10% odkładam, jak na studenta myśle że i tak dobrze
Polecam pisać, czy ktoś mieszka z rodzicami czy samemu. Jeżeli ktoś odkłada 30% utrzymując się samemu to szacun, ale jeżeli ktoś odkłada 30% mieszkając z rodzicami to jednak rozrzutność. (chociaż pieniądze są od tego żeby je wydawać)
Ja odkładam około 70-80% pensji mieszkając z rodzicami jako student dzienny.
30-50%, wynajmując mieszkanie w dwie osoby.

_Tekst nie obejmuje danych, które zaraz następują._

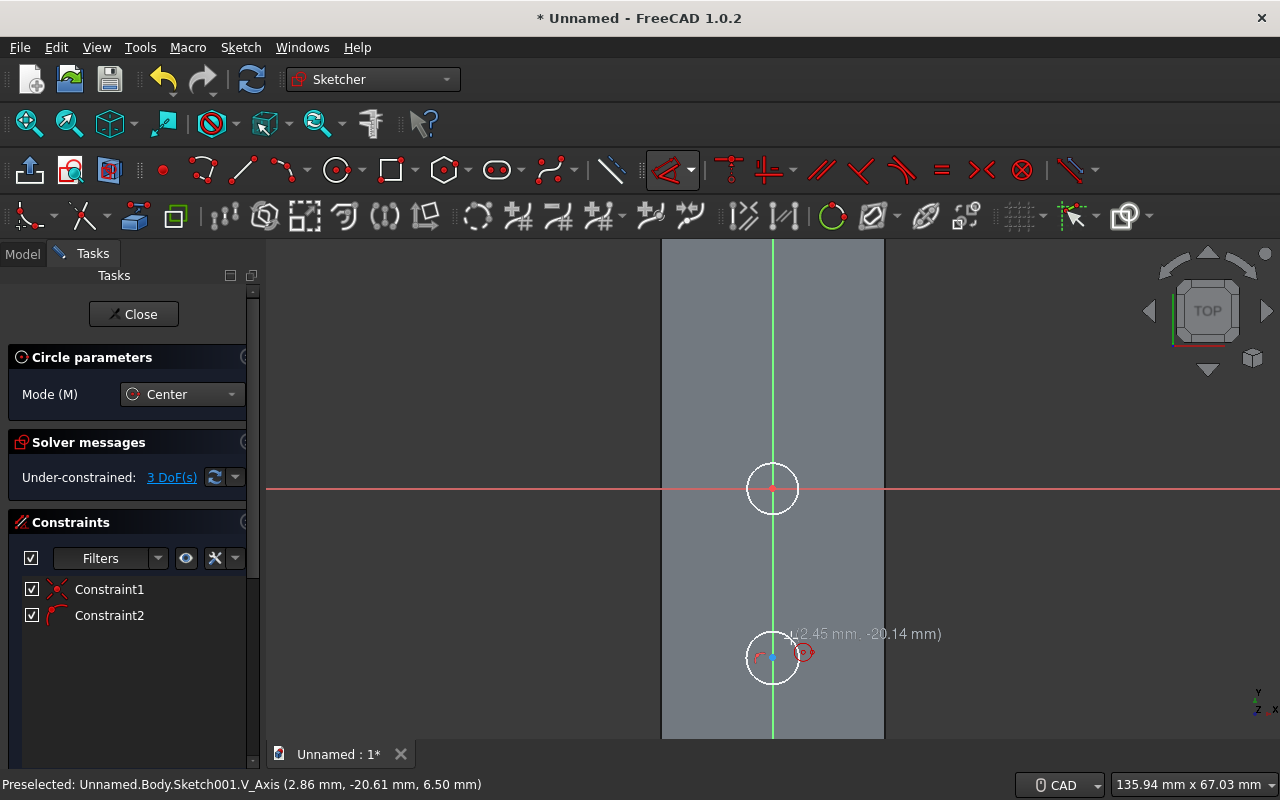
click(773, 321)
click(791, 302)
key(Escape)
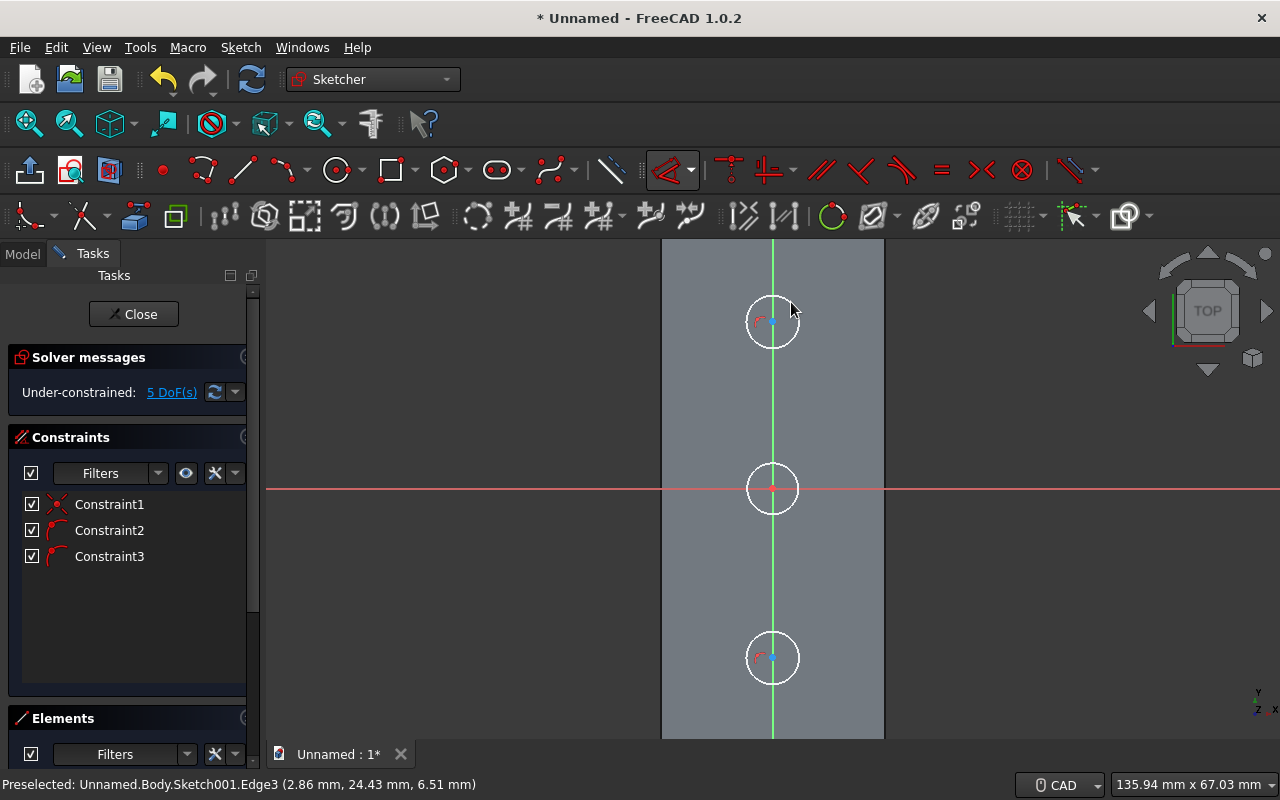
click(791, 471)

Dziś Matki Boskiej Pieniężnej, więc podliczyłem jak to wyszło w kwietniu. Na oszczędnościowe poszło dokładnie 24.5%. Ale to zależy od miesiąca - zazwyczaj jest to w granicach 10 - 20%.
Utrzymuję się sam.
Na co oszczedzacie? Macie jakis glowny cel czy oszczedzacie dla samego oszczedzania?
Żeby w razie awarii mieć jakieś oszczędności.
A jak się nie wyda to pewnie pójdzie na kredyt mieszkaniowy za parę lat.
podziwiam was, mieszkam z rodzicami, mamie daje miesiecznie 300 zl i tacie 100, za nic nie place a zarabiajac srednio 3k~ nie odkladam nic i czesto pozyczam pod koniec miesiaca.